Termination w.r.t. Q of the following Term Rewriting System could not be shown:
Q restricted rewrite system:
The TRS R consists of the following rules:
a(x1) → x1
a(x1) → b(x1)
a(c(x1)) → c(c(a(a(b(x1)))))
b(b(x1)) → x1
Q is empty.
↳ QTRS
↳ DependencyPairsProof
↳ QTRS Reverse
↳ QTRS Reverse
Q restricted rewrite system:
The TRS R consists of the following rules:
a(x1) → x1
a(x1) → b(x1)
a(c(x1)) → c(c(a(a(b(x1)))))
b(b(x1)) → x1
Q is empty.
Using Dependency Pairs [1,15] we result in the following initial DP problem:
Q DP problem:
The TRS P consists of the following rules:
A(c(x1)) → A(b(x1))
A(c(x1)) → B(x1)
A(x1) → B(x1)
A(c(x1)) → A(a(b(x1)))
The TRS R consists of the following rules:
a(x1) → x1
a(x1) → b(x1)
a(c(x1)) → c(c(a(a(b(x1)))))
b(b(x1)) → x1
Q is empty.
We have to consider all minimal (P,Q,R)-chains.
↳ QTRS
↳ DependencyPairsProof
↳ QDP
↳ DependencyGraphProof
↳ QTRS Reverse
↳ QTRS Reverse
Q DP problem:
The TRS P consists of the following rules:
A(c(x1)) → A(b(x1))
A(c(x1)) → B(x1)
A(x1) → B(x1)
A(c(x1)) → A(a(b(x1)))
The TRS R consists of the following rules:
a(x1) → x1
a(x1) → b(x1)
a(c(x1)) → c(c(a(a(b(x1)))))
b(b(x1)) → x1
Q is empty.
We have to consider all minimal (P,Q,R)-chains.

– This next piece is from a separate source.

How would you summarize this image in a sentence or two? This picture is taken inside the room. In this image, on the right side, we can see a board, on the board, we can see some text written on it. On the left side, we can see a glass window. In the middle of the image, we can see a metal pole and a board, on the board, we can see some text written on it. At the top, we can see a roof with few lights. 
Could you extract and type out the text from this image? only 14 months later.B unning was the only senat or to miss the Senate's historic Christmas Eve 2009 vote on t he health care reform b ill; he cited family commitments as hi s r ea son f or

The approximation of the Dependency Graph [15,17,22] contains 1 SCC with 2 less nodes.
↳ QTRS
↳ DependencyPairsProof
↳ QDP
↳ DependencyGraphProof
↳ QDP
↳ Narrowing
↳ QTRS Reverse
↳ QTRS Reverse
Q DP problem:
The TRS P consists of the following rules:
A(c(x1)) → A(b(x1))
A(c(x1)) → A(a(b(x1)))
The TRS R consists of the following rules:
a(x1) → x1
a(x1) → b(x1)
a(c(x1)) → c(c(a(a(b(x1)))))
b(b(x1)) → x1
Q is empty.
We have to consider all minimal (P,Q,R)-chains.
By narrowing [15] the rule A(c(x1)) → A(b(x1)) at position [0] we obtained the following new rules:
A(c(b(x0))) → A(x0)
↳ QTRS
↳ DependencyPairsProof
↳ QDP
↳ DependencyGraphProof
↳ QDP
↳ Narrowing
↳ QDP
↳ Narrowing
↳ QTRS Reverse
↳ QTRS Reverse
Q DP problem:
The TRS P consists of the following rules:
A(c(b(x0))) → A(x0)
A(c(x1)) → A(a(b(x1)))
The TRS R consists of the following rules:
a(x1) → x1
a(x1) → b(x1)
a(c(x1)) → c(c(a(a(b(x1)))))
b(b(x1)) → x1
Q is empty.
We have to consider all minimal (P,Q,R)-chains.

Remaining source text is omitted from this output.